--- DATA TO USE ---
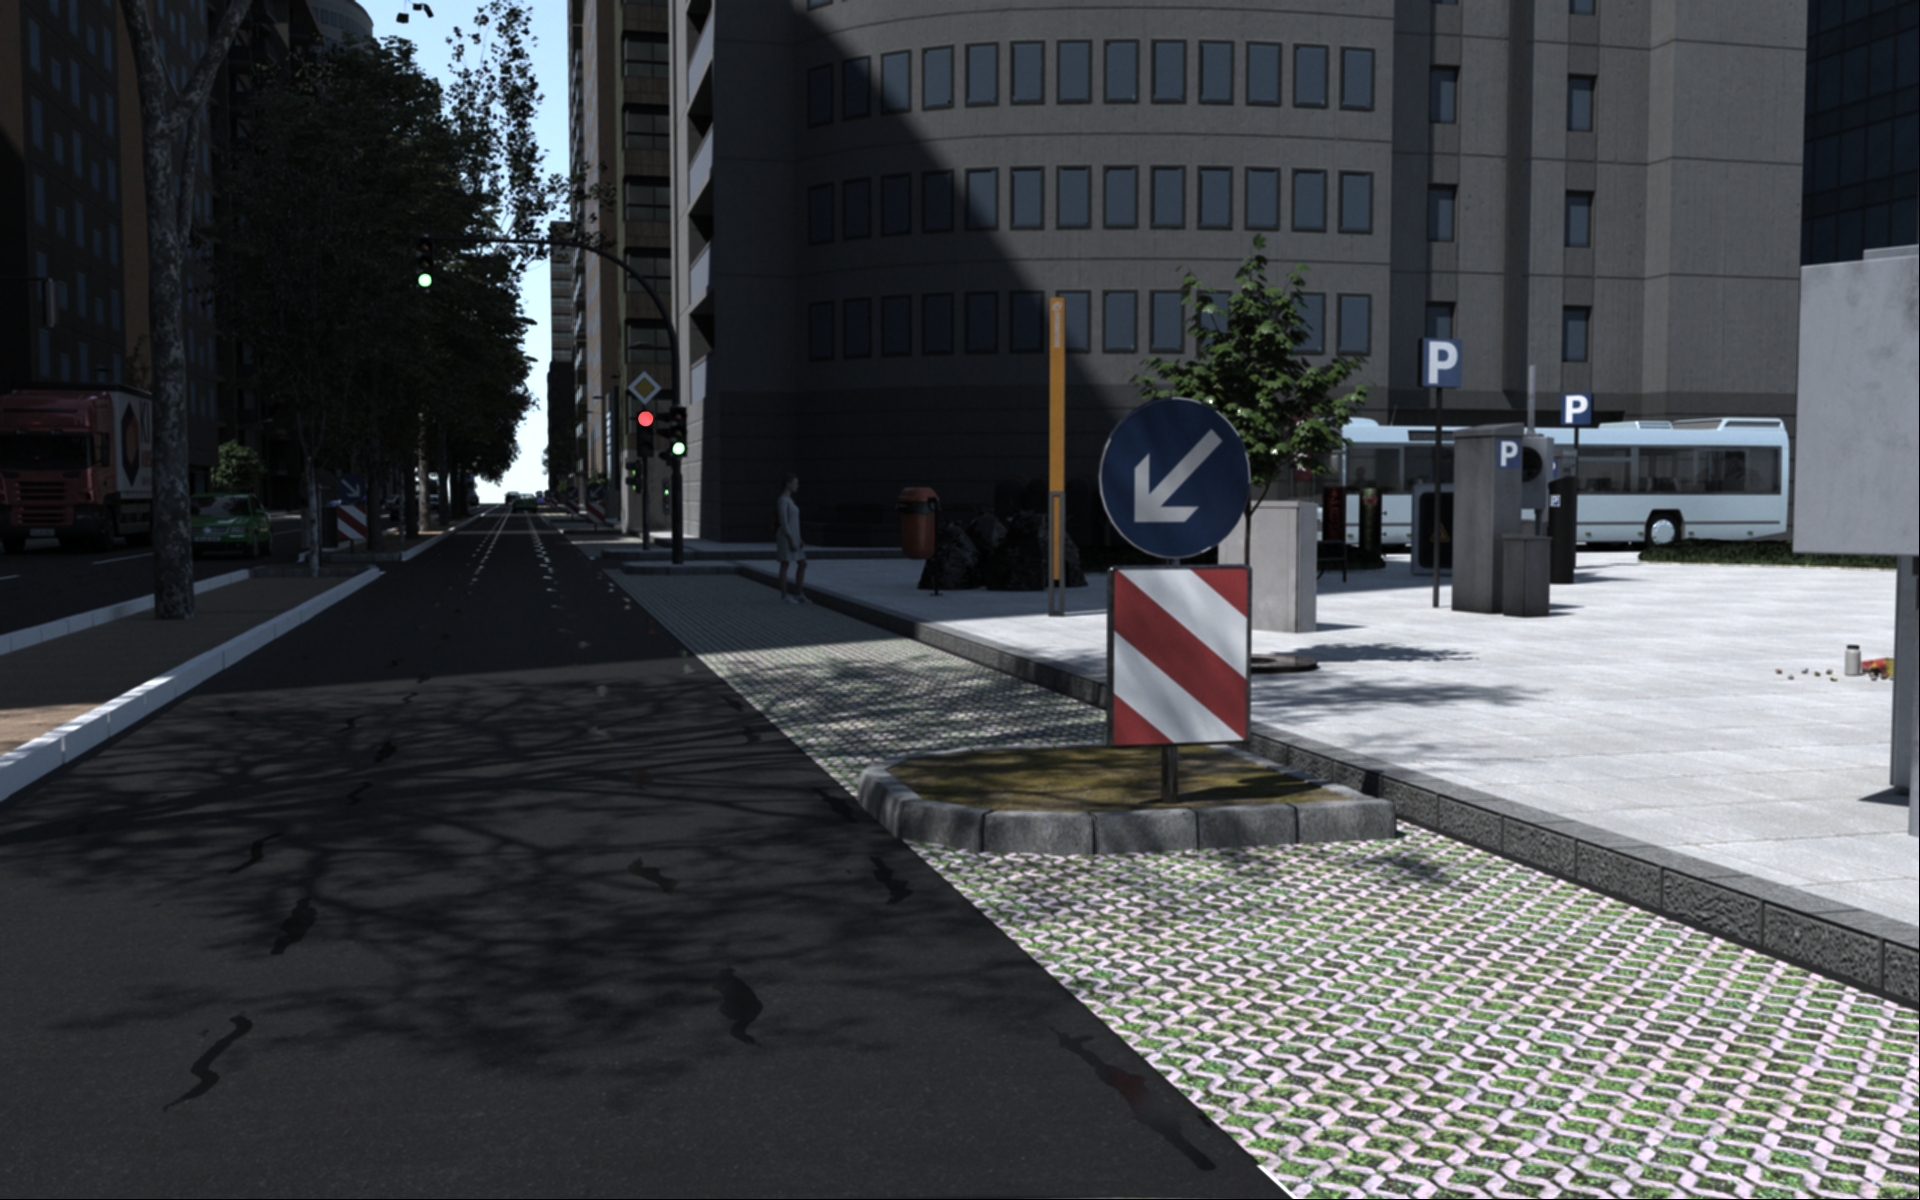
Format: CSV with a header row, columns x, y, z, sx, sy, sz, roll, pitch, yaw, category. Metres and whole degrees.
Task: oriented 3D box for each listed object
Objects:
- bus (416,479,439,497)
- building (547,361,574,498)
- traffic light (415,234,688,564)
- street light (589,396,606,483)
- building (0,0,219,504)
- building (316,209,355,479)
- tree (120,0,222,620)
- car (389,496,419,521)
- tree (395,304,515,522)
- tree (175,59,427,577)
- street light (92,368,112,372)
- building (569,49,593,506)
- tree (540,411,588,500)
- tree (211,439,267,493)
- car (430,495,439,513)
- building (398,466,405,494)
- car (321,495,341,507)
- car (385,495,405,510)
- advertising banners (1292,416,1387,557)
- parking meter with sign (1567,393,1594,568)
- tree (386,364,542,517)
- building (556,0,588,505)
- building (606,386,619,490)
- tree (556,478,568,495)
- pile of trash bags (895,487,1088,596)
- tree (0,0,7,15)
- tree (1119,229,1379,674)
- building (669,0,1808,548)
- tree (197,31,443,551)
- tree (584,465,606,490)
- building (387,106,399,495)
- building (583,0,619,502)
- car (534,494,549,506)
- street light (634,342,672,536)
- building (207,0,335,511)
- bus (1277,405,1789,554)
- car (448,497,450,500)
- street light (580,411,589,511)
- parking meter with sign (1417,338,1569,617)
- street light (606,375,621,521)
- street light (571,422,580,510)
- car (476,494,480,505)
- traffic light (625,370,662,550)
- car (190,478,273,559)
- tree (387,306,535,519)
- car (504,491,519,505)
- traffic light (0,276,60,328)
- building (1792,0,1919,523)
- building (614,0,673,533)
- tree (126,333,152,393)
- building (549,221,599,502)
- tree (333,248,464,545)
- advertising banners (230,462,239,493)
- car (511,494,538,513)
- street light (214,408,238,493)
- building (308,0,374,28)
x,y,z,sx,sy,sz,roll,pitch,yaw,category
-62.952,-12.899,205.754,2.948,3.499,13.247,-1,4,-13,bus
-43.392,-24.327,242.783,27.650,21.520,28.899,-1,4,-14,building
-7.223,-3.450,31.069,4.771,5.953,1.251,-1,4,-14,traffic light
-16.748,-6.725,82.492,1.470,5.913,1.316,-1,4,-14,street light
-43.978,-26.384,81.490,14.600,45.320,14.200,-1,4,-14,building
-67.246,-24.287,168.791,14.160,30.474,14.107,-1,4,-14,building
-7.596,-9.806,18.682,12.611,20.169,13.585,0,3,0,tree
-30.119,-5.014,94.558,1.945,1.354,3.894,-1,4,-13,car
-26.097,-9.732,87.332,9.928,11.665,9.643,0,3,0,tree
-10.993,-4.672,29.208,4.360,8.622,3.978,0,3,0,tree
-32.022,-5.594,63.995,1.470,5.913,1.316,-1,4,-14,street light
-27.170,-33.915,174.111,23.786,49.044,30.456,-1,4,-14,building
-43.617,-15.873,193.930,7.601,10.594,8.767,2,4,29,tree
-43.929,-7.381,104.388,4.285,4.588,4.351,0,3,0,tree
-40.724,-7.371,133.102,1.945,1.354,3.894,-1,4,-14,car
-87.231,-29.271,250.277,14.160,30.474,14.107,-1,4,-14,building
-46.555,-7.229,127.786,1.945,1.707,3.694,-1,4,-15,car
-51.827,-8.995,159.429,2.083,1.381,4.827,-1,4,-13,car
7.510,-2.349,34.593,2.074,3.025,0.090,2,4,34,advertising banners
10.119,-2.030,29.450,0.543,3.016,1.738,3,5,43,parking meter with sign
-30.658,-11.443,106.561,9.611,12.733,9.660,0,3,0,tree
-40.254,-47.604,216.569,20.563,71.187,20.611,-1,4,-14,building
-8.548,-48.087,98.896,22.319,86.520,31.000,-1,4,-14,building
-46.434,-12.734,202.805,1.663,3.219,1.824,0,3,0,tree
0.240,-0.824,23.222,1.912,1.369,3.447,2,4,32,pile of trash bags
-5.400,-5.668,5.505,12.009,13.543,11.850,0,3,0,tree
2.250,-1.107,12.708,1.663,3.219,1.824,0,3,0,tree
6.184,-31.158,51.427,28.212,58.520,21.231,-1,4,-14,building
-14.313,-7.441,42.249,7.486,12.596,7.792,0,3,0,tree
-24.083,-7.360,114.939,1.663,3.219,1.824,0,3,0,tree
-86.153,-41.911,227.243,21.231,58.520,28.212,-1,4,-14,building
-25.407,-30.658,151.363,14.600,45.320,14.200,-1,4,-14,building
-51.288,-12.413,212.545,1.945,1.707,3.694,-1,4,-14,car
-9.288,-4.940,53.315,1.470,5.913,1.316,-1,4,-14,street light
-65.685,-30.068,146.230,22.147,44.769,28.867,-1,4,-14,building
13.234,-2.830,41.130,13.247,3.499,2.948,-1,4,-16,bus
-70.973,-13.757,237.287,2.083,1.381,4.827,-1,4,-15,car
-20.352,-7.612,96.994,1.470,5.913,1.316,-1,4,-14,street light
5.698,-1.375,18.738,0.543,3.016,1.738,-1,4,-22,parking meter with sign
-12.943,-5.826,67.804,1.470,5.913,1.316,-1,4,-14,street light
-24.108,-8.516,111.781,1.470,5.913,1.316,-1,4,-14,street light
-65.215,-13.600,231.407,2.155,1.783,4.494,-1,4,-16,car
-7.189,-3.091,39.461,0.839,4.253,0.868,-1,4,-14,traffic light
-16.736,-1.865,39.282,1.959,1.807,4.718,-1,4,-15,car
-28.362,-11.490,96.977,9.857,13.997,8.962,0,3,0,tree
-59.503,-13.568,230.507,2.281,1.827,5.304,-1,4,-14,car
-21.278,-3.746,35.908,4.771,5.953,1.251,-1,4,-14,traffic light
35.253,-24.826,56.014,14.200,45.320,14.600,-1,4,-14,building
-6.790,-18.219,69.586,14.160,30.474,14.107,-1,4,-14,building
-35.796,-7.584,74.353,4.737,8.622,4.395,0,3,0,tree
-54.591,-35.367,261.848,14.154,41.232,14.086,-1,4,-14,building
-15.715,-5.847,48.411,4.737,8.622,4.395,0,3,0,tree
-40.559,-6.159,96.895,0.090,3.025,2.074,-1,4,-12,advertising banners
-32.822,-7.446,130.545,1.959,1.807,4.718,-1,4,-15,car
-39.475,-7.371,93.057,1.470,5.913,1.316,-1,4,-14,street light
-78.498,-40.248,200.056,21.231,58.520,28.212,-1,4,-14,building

--- YOUR OBJECTIVE ---
Take every entry and repeat it verbatim, minus the pictures.

--- ANSWER TO THE PROBLEM ---
Format: CSV with a header row, columns x, y, z, sx, sy, sz, roll, pitch, yaw, category. Metres and whole degrees.
Task: oriented 3D box for each listed object
Objects:
- bus (416,479,439,497)
- building (547,361,574,498)
- traffic light (415,234,688,564)
- street light (589,396,606,483)
- building (0,0,219,504)
- building (316,209,355,479)
- tree (120,0,222,620)
- car (389,496,419,521)
- tree (395,304,515,522)
- tree (175,59,427,577)
- street light (92,368,112,372)
- building (569,49,593,506)
- tree (540,411,588,500)
- tree (211,439,267,493)
- car (430,495,439,513)
- building (398,466,405,494)
- car (321,495,341,507)
- car (385,495,405,510)
- advertising banners (1292,416,1387,557)
- parking meter with sign (1567,393,1594,568)
- tree (386,364,542,517)
- building (556,0,588,505)
- building (606,386,619,490)
- tree (556,478,568,495)
- pile of trash bags (895,487,1088,596)
- tree (0,0,7,15)
- tree (1119,229,1379,674)
- building (669,0,1808,548)
- tree (197,31,443,551)
- tree (584,465,606,490)
- building (387,106,399,495)
- building (583,0,619,502)
- car (534,494,549,506)
- street light (634,342,672,536)
- building (207,0,335,511)
- bus (1277,405,1789,554)
- car (448,497,450,500)
- street light (580,411,589,511)
- parking meter with sign (1417,338,1569,617)
- street light (606,375,621,521)
- street light (571,422,580,510)
- car (476,494,480,505)
- traffic light (625,370,662,550)
- car (190,478,273,559)
- tree (387,306,535,519)
- car (504,491,519,505)
- traffic light (0,276,60,328)
- building (1792,0,1919,523)
- building (614,0,673,533)
- tree (126,333,152,393)
- building (549,221,599,502)
- tree (333,248,464,545)
- advertising banners (230,462,239,493)
- car (511,494,538,513)
- street light (214,408,238,493)
- building (308,0,374,28)
x,y,z,sx,sy,sz,roll,pitch,yaw,category
-62.952,-12.899,205.754,2.948,3.499,13.247,-1,4,-13,bus
-43.392,-24.327,242.783,27.650,21.520,28.899,-1,4,-14,building
-7.223,-3.450,31.069,4.771,5.953,1.251,-1,4,-14,traffic light
-16.748,-6.725,82.492,1.470,5.913,1.316,-1,4,-14,street light
-43.978,-26.384,81.490,14.600,45.320,14.200,-1,4,-14,building
-67.246,-24.287,168.791,14.160,30.474,14.107,-1,4,-14,building
-7.596,-9.806,18.682,12.611,20.169,13.585,0,3,0,tree
-30.119,-5.014,94.558,1.945,1.354,3.894,-1,4,-13,car
-26.097,-9.732,87.332,9.928,11.665,9.643,0,3,0,tree
-10.993,-4.672,29.208,4.360,8.622,3.978,0,3,0,tree
-32.022,-5.594,63.995,1.470,5.913,1.316,-1,4,-14,street light
-27.170,-33.915,174.111,23.786,49.044,30.456,-1,4,-14,building
-43.617,-15.873,193.930,7.601,10.594,8.767,2,4,29,tree
-43.929,-7.381,104.388,4.285,4.588,4.351,0,3,0,tree
-40.724,-7.371,133.102,1.945,1.354,3.894,-1,4,-14,car
-87.231,-29.271,250.277,14.160,30.474,14.107,-1,4,-14,building
-46.555,-7.229,127.786,1.945,1.707,3.694,-1,4,-15,car
-51.827,-8.995,159.429,2.083,1.381,4.827,-1,4,-13,car
7.510,-2.349,34.593,2.074,3.025,0.090,2,4,34,advertising banners
10.119,-2.030,29.450,0.543,3.016,1.738,3,5,43,parking meter with sign
-30.658,-11.443,106.561,9.611,12.733,9.660,0,3,0,tree
-40.254,-47.604,216.569,20.563,71.187,20.611,-1,4,-14,building
-8.548,-48.087,98.896,22.319,86.520,31.000,-1,4,-14,building
-46.434,-12.734,202.805,1.663,3.219,1.824,0,3,0,tree
0.240,-0.824,23.222,1.912,1.369,3.447,2,4,32,pile of trash bags
-5.400,-5.668,5.505,12.009,13.543,11.850,0,3,0,tree
2.250,-1.107,12.708,1.663,3.219,1.824,0,3,0,tree
6.184,-31.158,51.427,28.212,58.520,21.231,-1,4,-14,building
-14.313,-7.441,42.249,7.486,12.596,7.792,0,3,0,tree
-24.083,-7.360,114.939,1.663,3.219,1.824,0,3,0,tree
-86.153,-41.911,227.243,21.231,58.520,28.212,-1,4,-14,building
-25.407,-30.658,151.363,14.600,45.320,14.200,-1,4,-14,building
-51.288,-12.413,212.545,1.945,1.707,3.694,-1,4,-14,car
-9.288,-4.940,53.315,1.470,5.913,1.316,-1,4,-14,street light
-65.685,-30.068,146.230,22.147,44.769,28.867,-1,4,-14,building
13.234,-2.830,41.130,13.247,3.499,2.948,-1,4,-16,bus
-70.973,-13.757,237.287,2.083,1.381,4.827,-1,4,-15,car
-20.352,-7.612,96.994,1.470,5.913,1.316,-1,4,-14,street light
5.698,-1.375,18.738,0.543,3.016,1.738,-1,4,-22,parking meter with sign
-12.943,-5.826,67.804,1.470,5.913,1.316,-1,4,-14,street light
-24.108,-8.516,111.781,1.470,5.913,1.316,-1,4,-14,street light
-65.215,-13.600,231.407,2.155,1.783,4.494,-1,4,-16,car
-7.189,-3.091,39.461,0.839,4.253,0.868,-1,4,-14,traffic light
-16.736,-1.865,39.282,1.959,1.807,4.718,-1,4,-15,car
-28.362,-11.490,96.977,9.857,13.997,8.962,0,3,0,tree
-59.503,-13.568,230.507,2.281,1.827,5.304,-1,4,-14,car
-21.278,-3.746,35.908,4.771,5.953,1.251,-1,4,-14,traffic light
35.253,-24.826,56.014,14.200,45.320,14.600,-1,4,-14,building
-6.790,-18.219,69.586,14.160,30.474,14.107,-1,4,-14,building
-35.796,-7.584,74.353,4.737,8.622,4.395,0,3,0,tree
-54.591,-35.367,261.848,14.154,41.232,14.086,-1,4,-14,building
-15.715,-5.847,48.411,4.737,8.622,4.395,0,3,0,tree
-40.559,-6.159,96.895,0.090,3.025,2.074,-1,4,-12,advertising banners
-32.822,-7.446,130.545,1.959,1.807,4.718,-1,4,-15,car
-39.475,-7.371,93.057,1.470,5.913,1.316,-1,4,-14,street light
-78.498,-40.248,200.056,21.231,58.520,28.212,-1,4,-14,building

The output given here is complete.